→ **Activity**: In the records below, find each line holding the word "whole" and copy it.

Saved data entries

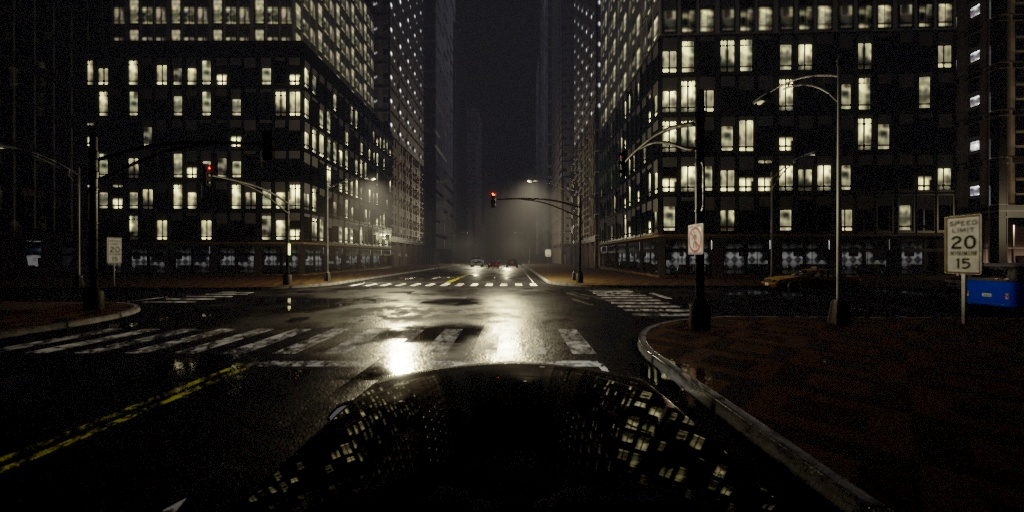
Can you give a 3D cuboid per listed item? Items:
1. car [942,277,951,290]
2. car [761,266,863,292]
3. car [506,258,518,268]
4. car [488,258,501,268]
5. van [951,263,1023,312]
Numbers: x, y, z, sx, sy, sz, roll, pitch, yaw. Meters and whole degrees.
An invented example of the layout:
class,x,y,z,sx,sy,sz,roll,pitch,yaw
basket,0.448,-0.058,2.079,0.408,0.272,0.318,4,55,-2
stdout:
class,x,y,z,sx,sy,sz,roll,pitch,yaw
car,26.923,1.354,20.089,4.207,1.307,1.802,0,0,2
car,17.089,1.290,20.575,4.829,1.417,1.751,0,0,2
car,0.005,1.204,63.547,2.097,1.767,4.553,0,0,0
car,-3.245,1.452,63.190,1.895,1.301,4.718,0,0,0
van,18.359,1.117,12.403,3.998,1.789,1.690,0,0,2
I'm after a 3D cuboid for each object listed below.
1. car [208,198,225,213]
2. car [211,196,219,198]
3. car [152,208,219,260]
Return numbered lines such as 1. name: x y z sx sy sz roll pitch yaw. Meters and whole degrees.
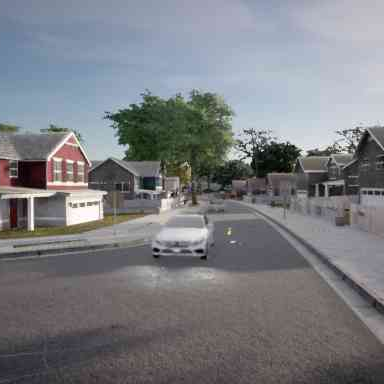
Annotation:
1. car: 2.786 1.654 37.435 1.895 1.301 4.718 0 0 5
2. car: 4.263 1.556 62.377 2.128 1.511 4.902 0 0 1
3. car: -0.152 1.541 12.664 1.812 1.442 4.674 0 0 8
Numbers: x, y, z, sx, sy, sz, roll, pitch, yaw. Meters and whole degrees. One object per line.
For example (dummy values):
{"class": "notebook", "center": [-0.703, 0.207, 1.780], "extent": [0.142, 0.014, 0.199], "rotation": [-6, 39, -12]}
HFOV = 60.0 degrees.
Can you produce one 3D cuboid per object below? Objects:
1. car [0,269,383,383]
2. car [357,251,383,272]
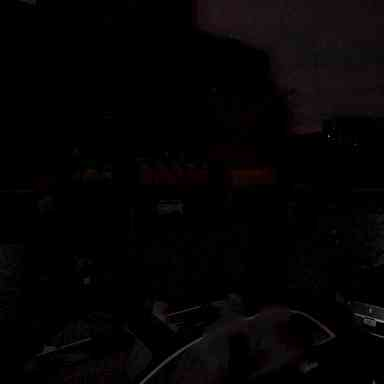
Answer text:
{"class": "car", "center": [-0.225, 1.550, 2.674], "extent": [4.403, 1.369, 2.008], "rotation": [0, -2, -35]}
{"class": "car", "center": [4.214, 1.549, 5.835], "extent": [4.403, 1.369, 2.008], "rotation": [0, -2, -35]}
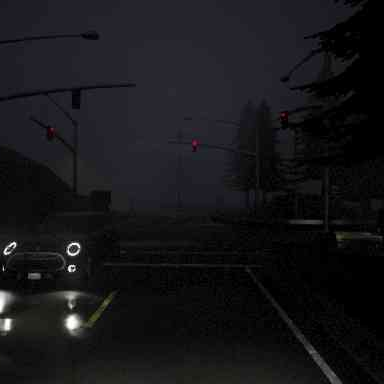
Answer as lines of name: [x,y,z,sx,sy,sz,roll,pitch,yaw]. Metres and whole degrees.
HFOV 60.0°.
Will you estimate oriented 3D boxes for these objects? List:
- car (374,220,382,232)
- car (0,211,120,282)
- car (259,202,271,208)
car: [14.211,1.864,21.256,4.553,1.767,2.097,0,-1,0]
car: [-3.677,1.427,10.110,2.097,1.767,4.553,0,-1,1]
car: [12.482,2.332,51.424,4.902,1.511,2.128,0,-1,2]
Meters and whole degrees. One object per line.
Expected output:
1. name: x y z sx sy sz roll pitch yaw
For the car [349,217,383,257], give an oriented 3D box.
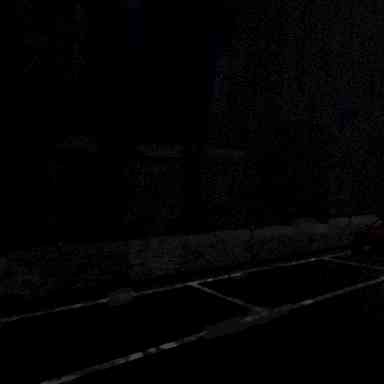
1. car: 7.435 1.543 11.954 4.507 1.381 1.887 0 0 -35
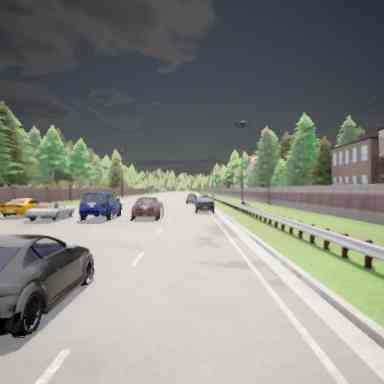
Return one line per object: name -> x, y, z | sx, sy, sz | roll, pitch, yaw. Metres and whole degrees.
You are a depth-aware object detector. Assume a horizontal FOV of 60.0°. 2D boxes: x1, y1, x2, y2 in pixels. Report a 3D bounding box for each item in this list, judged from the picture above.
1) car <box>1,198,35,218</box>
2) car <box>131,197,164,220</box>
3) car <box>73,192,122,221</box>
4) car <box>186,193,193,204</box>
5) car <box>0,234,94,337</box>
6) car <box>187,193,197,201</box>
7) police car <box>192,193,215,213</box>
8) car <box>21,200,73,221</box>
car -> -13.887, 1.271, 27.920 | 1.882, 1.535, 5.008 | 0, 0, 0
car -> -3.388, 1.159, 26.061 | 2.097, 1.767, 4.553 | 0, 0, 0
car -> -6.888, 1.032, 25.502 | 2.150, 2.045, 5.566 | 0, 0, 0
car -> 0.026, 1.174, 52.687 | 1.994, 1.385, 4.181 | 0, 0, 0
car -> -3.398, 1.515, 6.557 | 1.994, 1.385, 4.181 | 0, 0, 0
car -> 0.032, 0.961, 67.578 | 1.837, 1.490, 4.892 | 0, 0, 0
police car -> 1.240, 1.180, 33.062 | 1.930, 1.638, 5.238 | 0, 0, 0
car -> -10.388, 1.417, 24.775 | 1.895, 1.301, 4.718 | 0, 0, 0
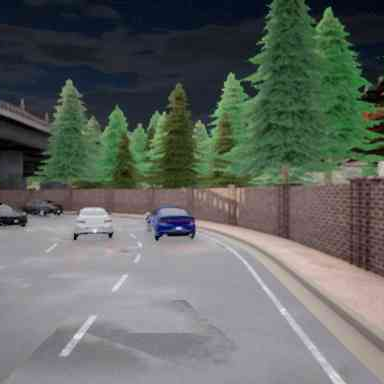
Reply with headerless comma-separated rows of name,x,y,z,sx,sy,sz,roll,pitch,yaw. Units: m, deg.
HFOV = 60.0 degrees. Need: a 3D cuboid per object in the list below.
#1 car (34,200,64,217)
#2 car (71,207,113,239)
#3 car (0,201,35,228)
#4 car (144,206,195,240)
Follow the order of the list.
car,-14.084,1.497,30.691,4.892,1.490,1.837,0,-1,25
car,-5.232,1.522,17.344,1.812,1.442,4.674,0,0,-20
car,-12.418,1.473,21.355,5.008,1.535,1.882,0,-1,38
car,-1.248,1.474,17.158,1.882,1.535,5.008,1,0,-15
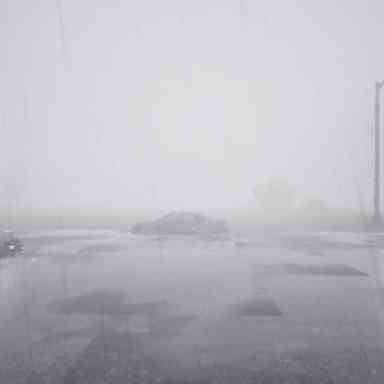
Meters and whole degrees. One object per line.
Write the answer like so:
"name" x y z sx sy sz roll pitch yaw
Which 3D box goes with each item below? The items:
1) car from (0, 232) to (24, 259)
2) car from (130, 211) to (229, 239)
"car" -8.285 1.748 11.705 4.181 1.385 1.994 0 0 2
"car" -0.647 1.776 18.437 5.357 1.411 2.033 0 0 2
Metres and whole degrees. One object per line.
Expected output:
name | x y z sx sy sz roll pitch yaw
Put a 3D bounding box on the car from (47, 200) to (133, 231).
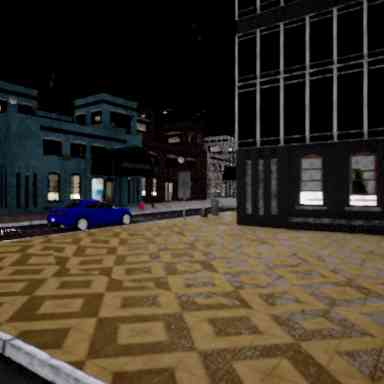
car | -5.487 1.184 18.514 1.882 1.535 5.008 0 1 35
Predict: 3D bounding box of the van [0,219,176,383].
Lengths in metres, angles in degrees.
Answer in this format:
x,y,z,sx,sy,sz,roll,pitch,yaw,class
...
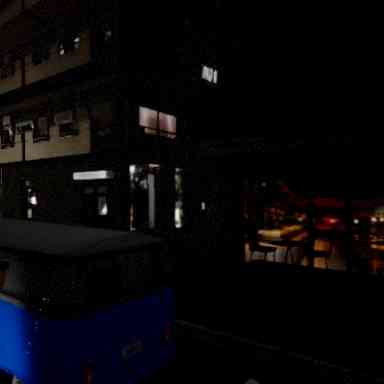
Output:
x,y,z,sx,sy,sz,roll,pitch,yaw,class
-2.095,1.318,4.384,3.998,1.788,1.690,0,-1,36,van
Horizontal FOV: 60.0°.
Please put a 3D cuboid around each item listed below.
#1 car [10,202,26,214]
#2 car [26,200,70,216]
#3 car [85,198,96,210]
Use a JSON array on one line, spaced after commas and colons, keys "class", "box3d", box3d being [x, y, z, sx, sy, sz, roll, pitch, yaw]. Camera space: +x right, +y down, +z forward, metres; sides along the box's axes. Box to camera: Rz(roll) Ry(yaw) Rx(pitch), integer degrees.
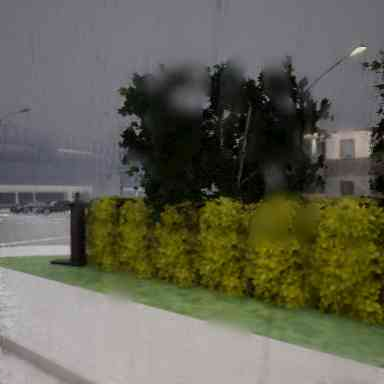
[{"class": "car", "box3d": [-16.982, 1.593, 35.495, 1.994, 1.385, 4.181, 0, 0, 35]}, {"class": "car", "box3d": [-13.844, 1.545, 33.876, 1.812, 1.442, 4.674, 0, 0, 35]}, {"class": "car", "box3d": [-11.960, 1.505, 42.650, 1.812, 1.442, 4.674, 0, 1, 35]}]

→ **Solved problem**:
Numbers: x, y, z, sx, sy, sz, roll, pitch, yaw. Meters and whole degrees.
Return numbered lines such as 1. name: x y z sx sy sz roll pitch yaw. Meters and whole degrees.
Numbers: x, y, z, sx, sy, sz, roll, pitch, yaw. Meters and whole degrees. One object per line.
Answer as lines of name: [x,y,z,sx,sy,sz,roll,pitch,yaw]. Metres and whole degrees.
Meters and whole degrees. One object per line.
Return one line per object: name -> x, y, z | sx, sy, sz | roll, pitch, yaw. Metres and whole degrees.
Meters and whole degrees. One object per line.
Metres and whole degrees. One object per line.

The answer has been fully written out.